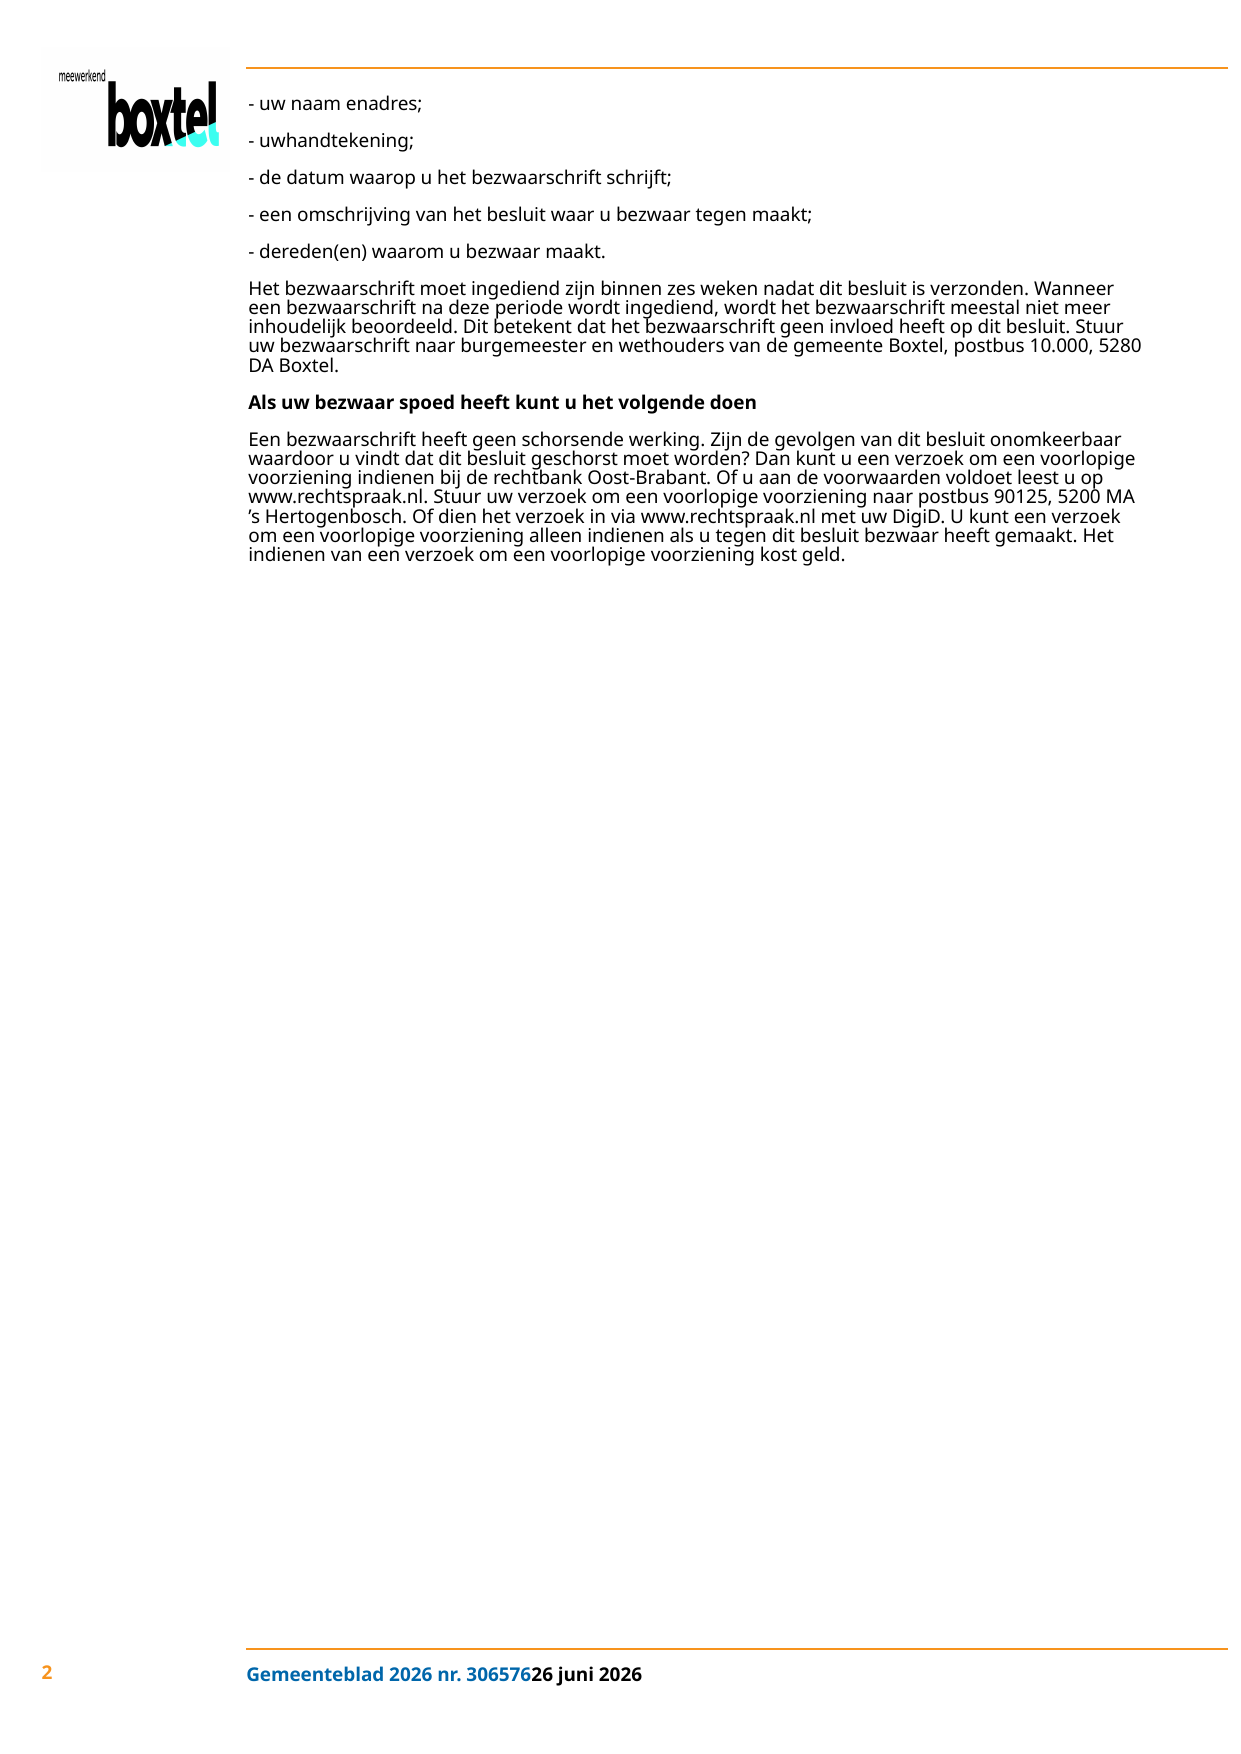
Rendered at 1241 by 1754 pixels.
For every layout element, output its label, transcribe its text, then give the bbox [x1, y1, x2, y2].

text - uwhandtekening; [248, 132, 1152, 151]
text - de datum waarop u het bezwaarschrift schrijft; [248, 169, 1152, 188]
text Als uw bezwaar spoed heeft kunt u het volgende doen [248, 394, 1152, 413]
picture [41, 47, 231, 172]
text - een omschrijving van het besluit waar u bezwaar tegen maakt; [248, 206, 1152, 225]
text - dereden(en) waarom u bezwaar maakt. [248, 243, 1152, 262]
text - uw naam enadres; [248, 95, 1152, 114]
text Een bezwaarschrift heeft geen schorsende werking. Zijn de gevolgen van dit besluit onomkeerbaar waardoor u vindt dat dit besluit geschorst moet worden? Dan kunt u een verzoek om een voorlopige voorziening indienen bij de rechtbank Oost-Brabant. Of u aan de voorwaarden voldoet leest u op www.rechtspraak.nl. Stuur uw verzoek om een voorlopige voorziening naar postbus 90125, 5200 MA ’s Hertogenbosch. Of dien het verzoek in via www.rechtspraak.nl met uw DigiD. U kunt een verzoek om een voorlopige voorziening alleen indienen als u tegen dit besluit bezwaar heeft gemaakt. Het indienen van een verzoek om een voorlopige voorziening kost geld. [248, 431, 1152, 566]
text Het bezwaarschrift moet ingediend zijn binnen zes weken nadat dit besluit is verzonden. Wanneer een bezwaarschrift na deze periode wordt ingediend, wordt het bezwaarschrift meestal niet meer inhoudelijk beoordeeld. Dit betekent dat het bezwaarschrift geen invloed heeft op dit besluit. Stuur uw bezwaarschrift naar burgemeester en wethouders van de gemeente Boxtel, postbus 10.000, 5280 DA Boxtel. [248, 280, 1152, 376]
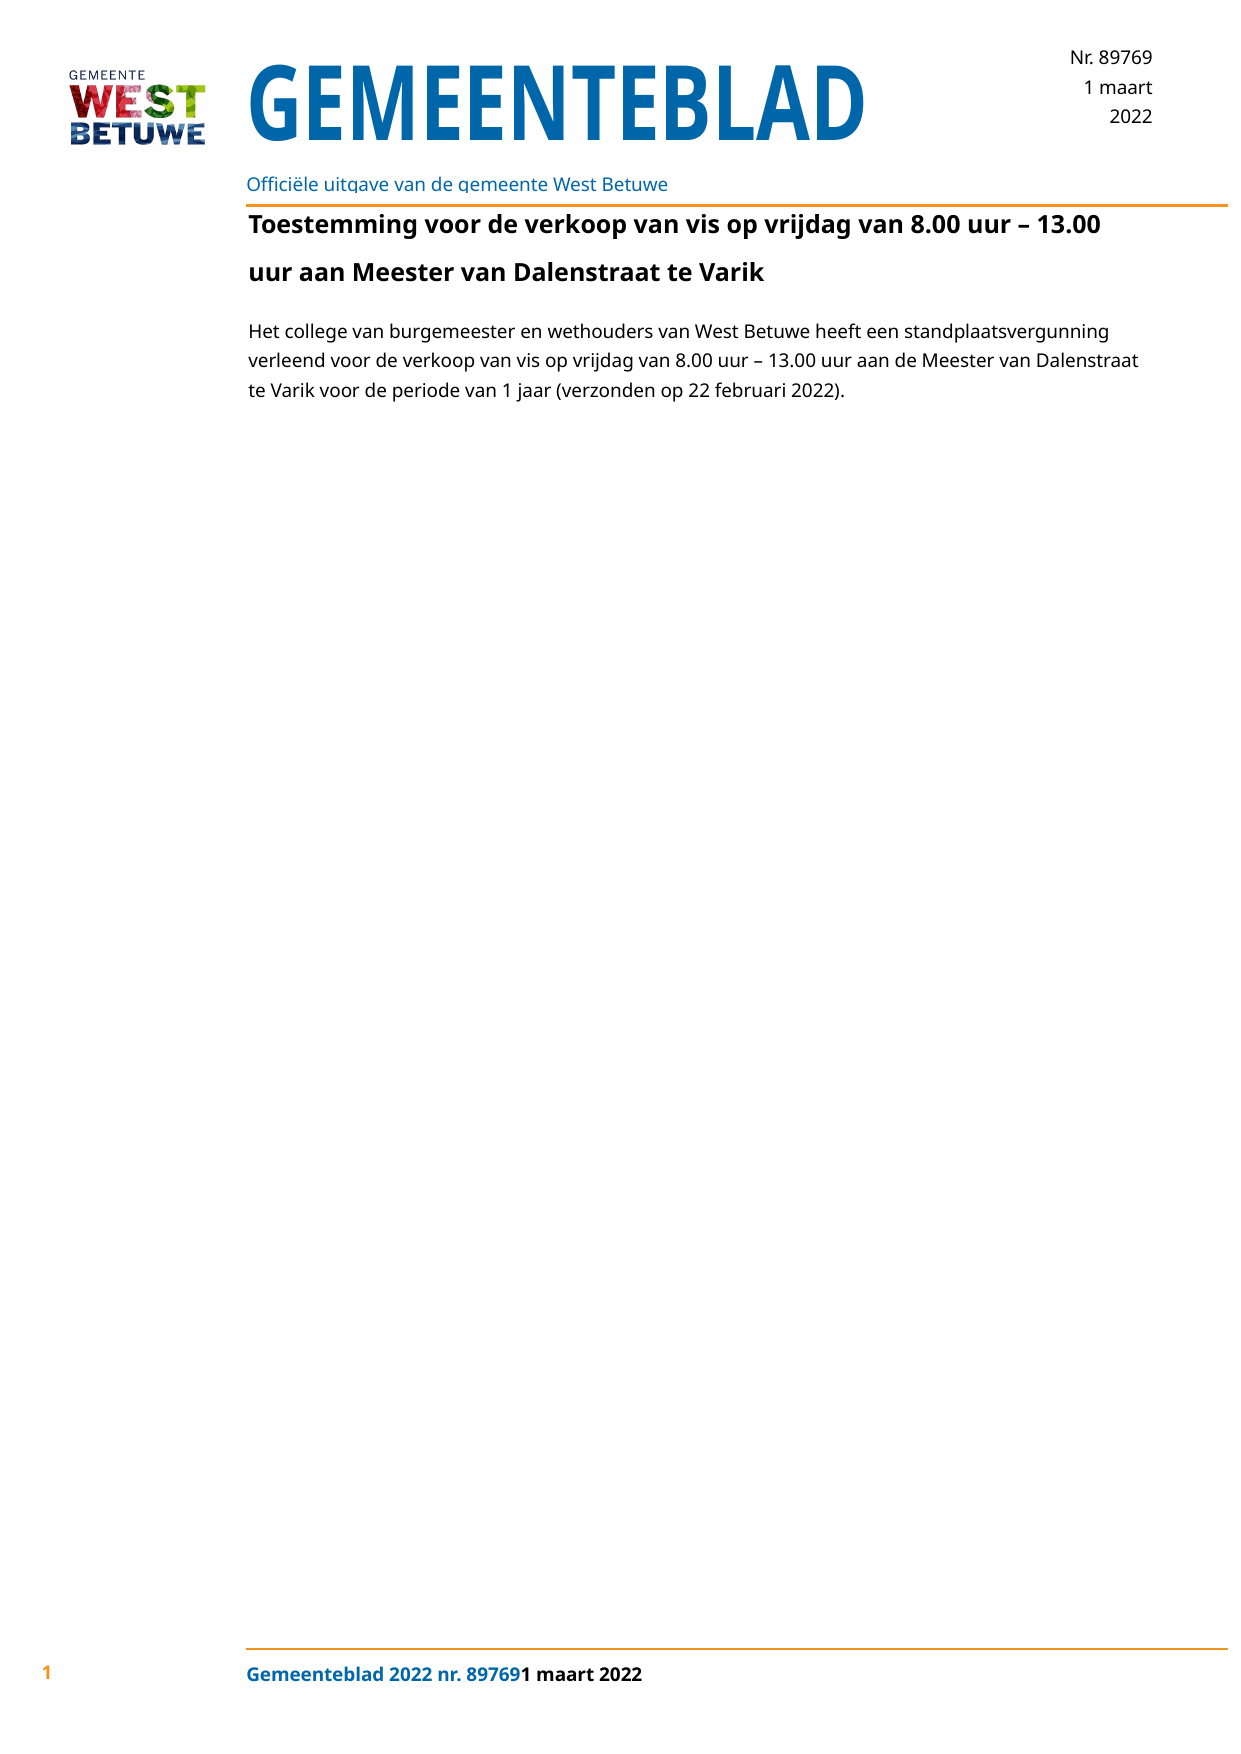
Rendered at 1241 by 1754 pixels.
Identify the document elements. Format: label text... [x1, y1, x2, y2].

text Het college van burgemeester en wethouders van West Betuwe heeft een standplaatsvergunning verleend voor de verkoop van vis op vrijdag van 8.00 uur – 13.00 uur aan de Meester van Dalenstraat te Varik voor de periode van 1 jaar (verzonden op 22 februari 2022). [248, 318, 1152, 403]
picture [41, 47, 231, 172]
text Toestemming voor de verkoop van vis op vrijdag van 8.00 uur – 13.00 uur aan Meester van Dalenstraat te Varik [248, 207, 1152, 288]

- - - - - - -

> TRY IT:
Go through the entries and filter for lines holding the word "periode"; copy each match.

> PROBLEM SOLUTION:
text Het bezwaarschrift moet ingediend zijn binnen zes weken nadat dit besluit is verzonden. Wanneer een bezwaarschrift na deze periode wordt ingediend, wordt het bezwaarschrift meestal niet meer inhoudelijk beoordeeld. Dit betekent dat het bezwaarschrift geen invloed heeft op dit besluit. Stuur uw bezwaarschrift naar burgemeester en wethouders van de gemeente Boxtel, postbus 10.000, 5280 DA Boxtel. [248, 280, 1152, 376]
text Het college van burgemeester en wethouders van West Betuwe heeft een standplaatsvergunning verleend voor de verkoop van vis op vrijdag van 8.00 uur – 13.00 uur aan de Meester van Dalenstraat te Varik voor de periode van 1 jaar (verzonden op 22 februari 2022). [248, 318, 1152, 403]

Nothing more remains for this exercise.